Top of Supplied data

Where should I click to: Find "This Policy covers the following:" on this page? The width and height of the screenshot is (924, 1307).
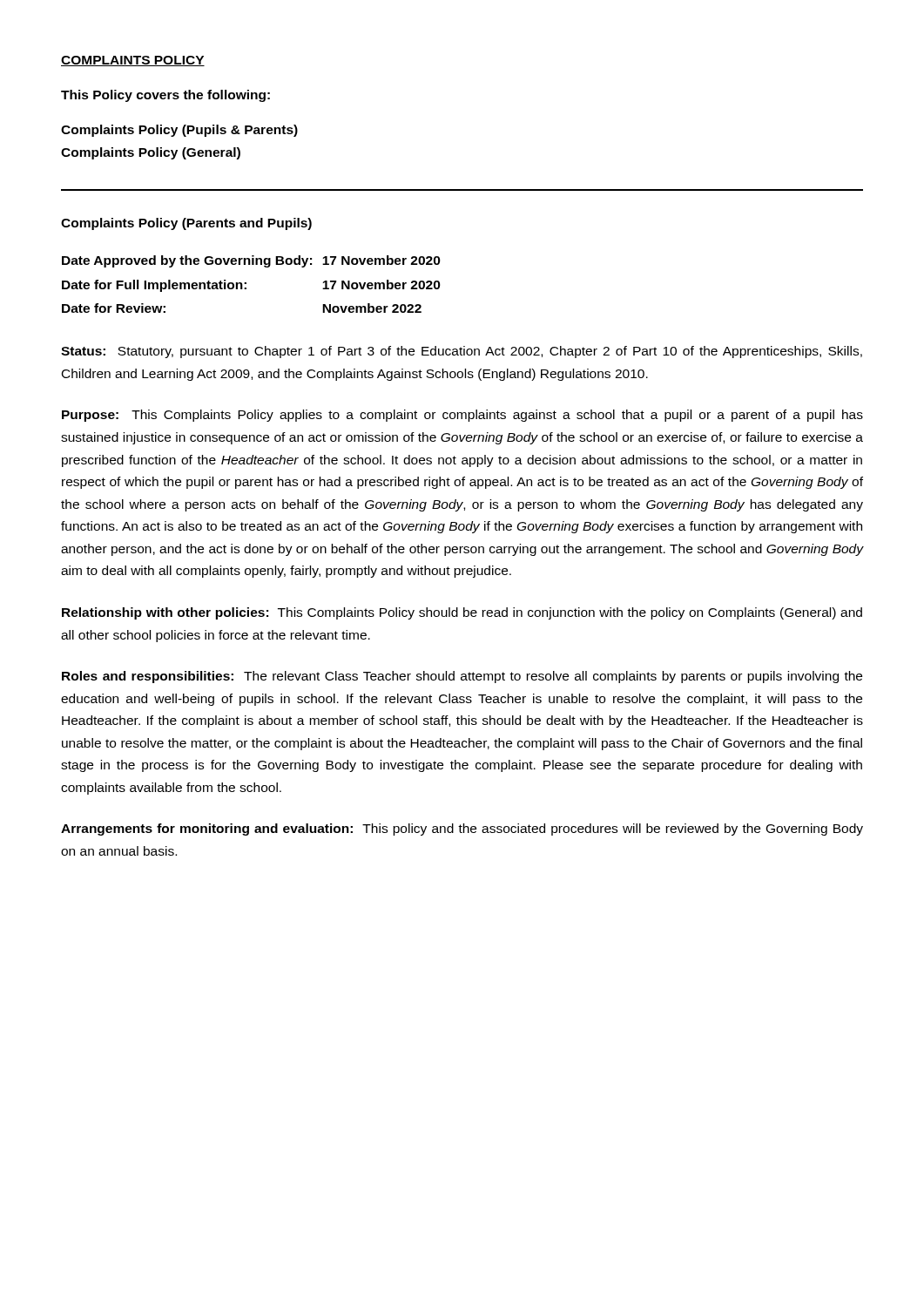pos(166,95)
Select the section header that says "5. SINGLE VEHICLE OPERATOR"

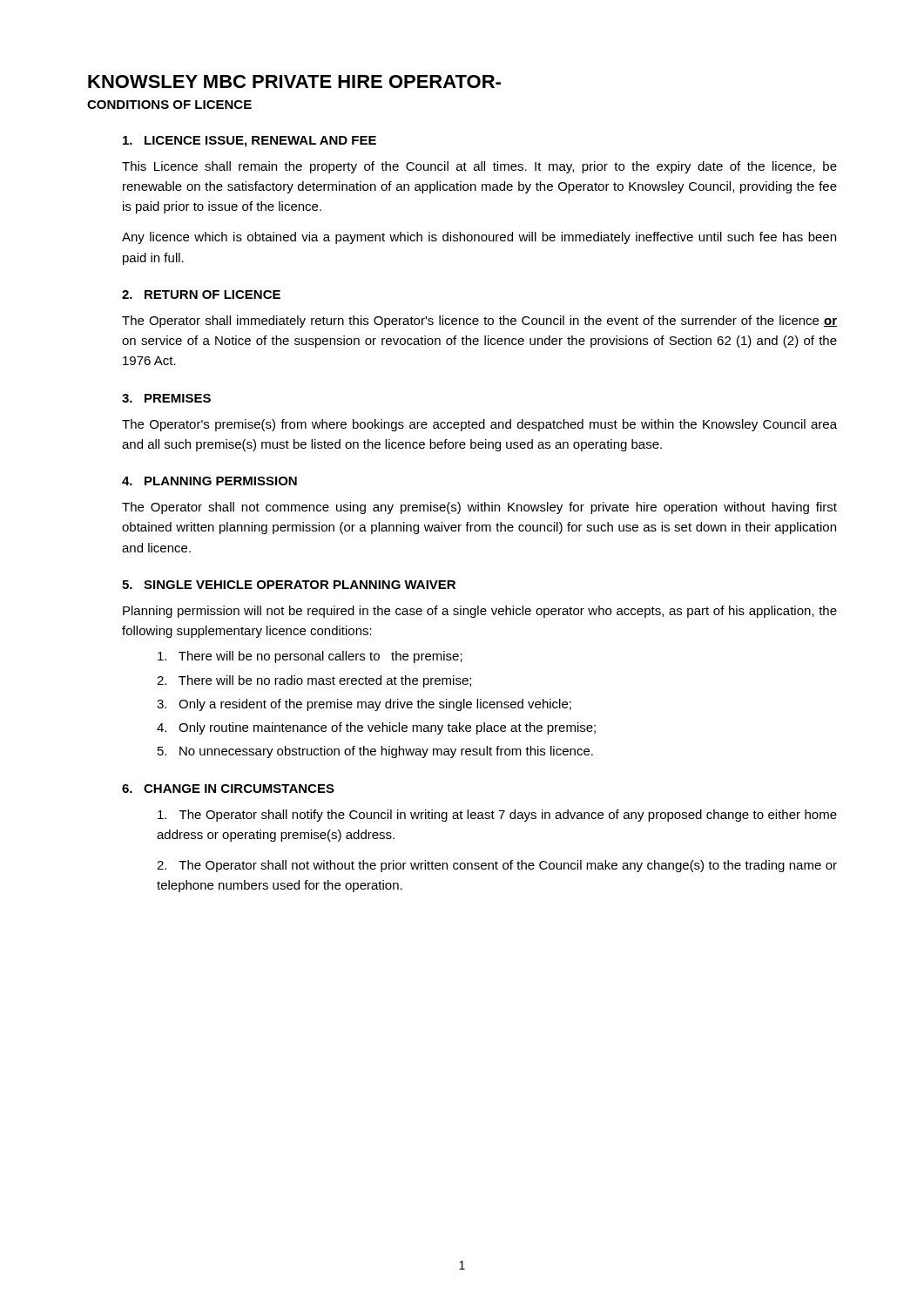(x=289, y=584)
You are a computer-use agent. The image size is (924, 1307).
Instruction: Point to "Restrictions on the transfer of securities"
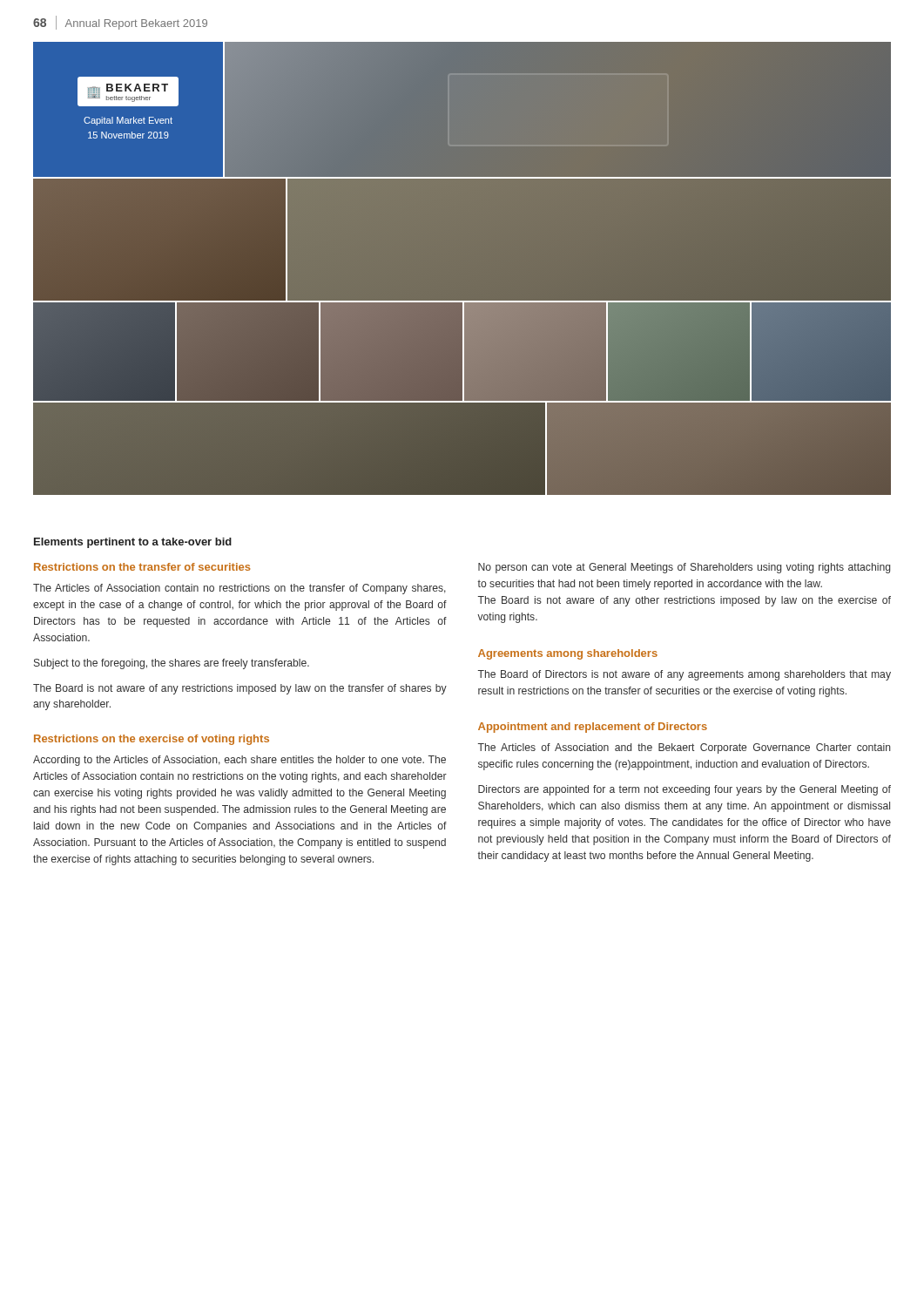142,567
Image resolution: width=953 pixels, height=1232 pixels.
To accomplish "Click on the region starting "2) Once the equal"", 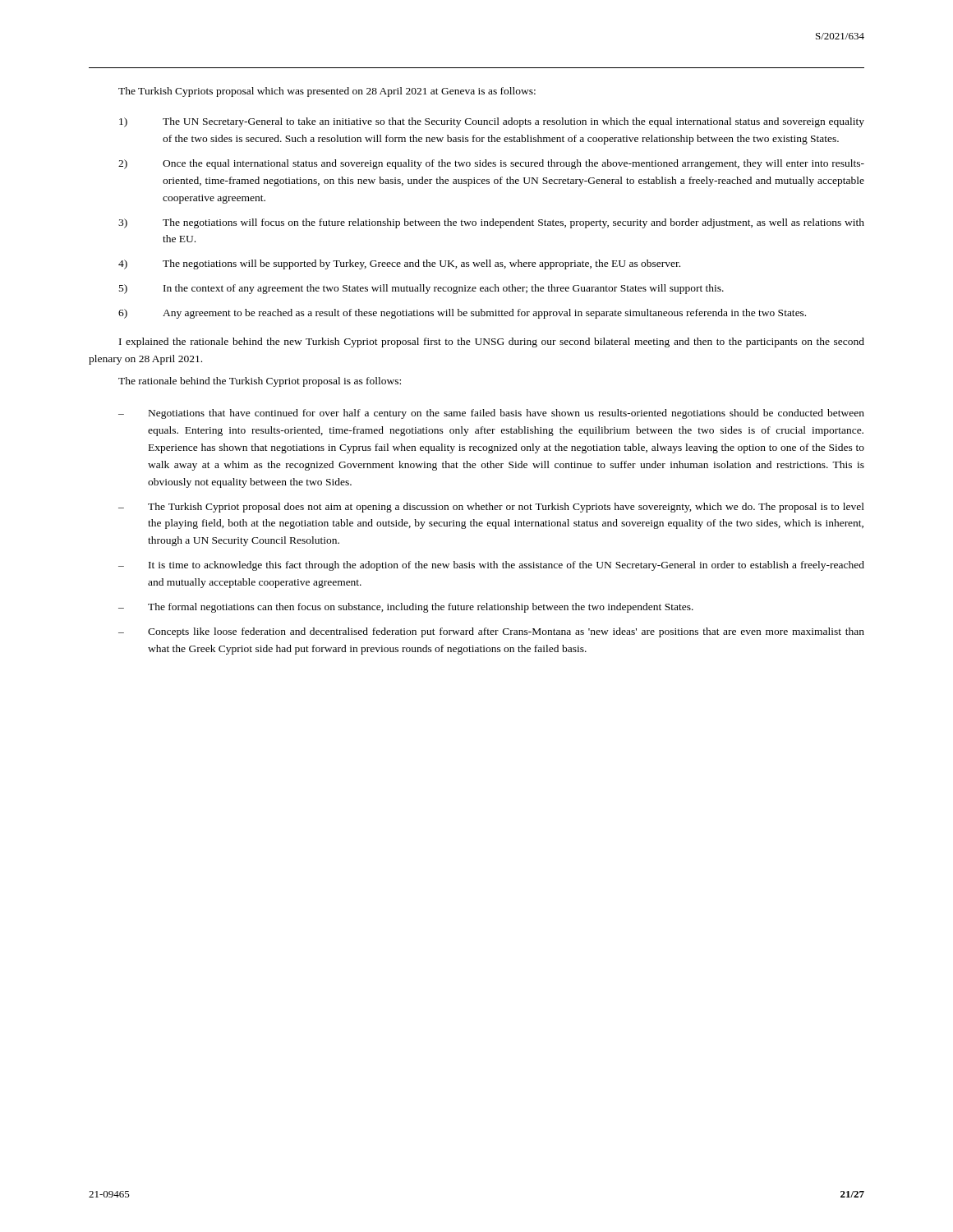I will [476, 181].

Bottom of Supplied data

Nothing but the lines from the beginning of the material above through the line containing "Image resolution: width=953" should appear in the answer, copied exactly and free of pictures.

### Solved exercise
Where should I click to: Find "This Policy covers the following:" on this page? The width and height of the screenshot is (924, 1307).
pos(166,95)
Select the section header that says "5. SINGLE VEHICLE OPERATOR"

(x=289, y=584)
You are a computer-use agent. The image size is (924, 1307).
Instruction: Point to "Restrictions on the transfer of securities"
142,567
Image resolution: width=953 pixels, height=1232 pixels.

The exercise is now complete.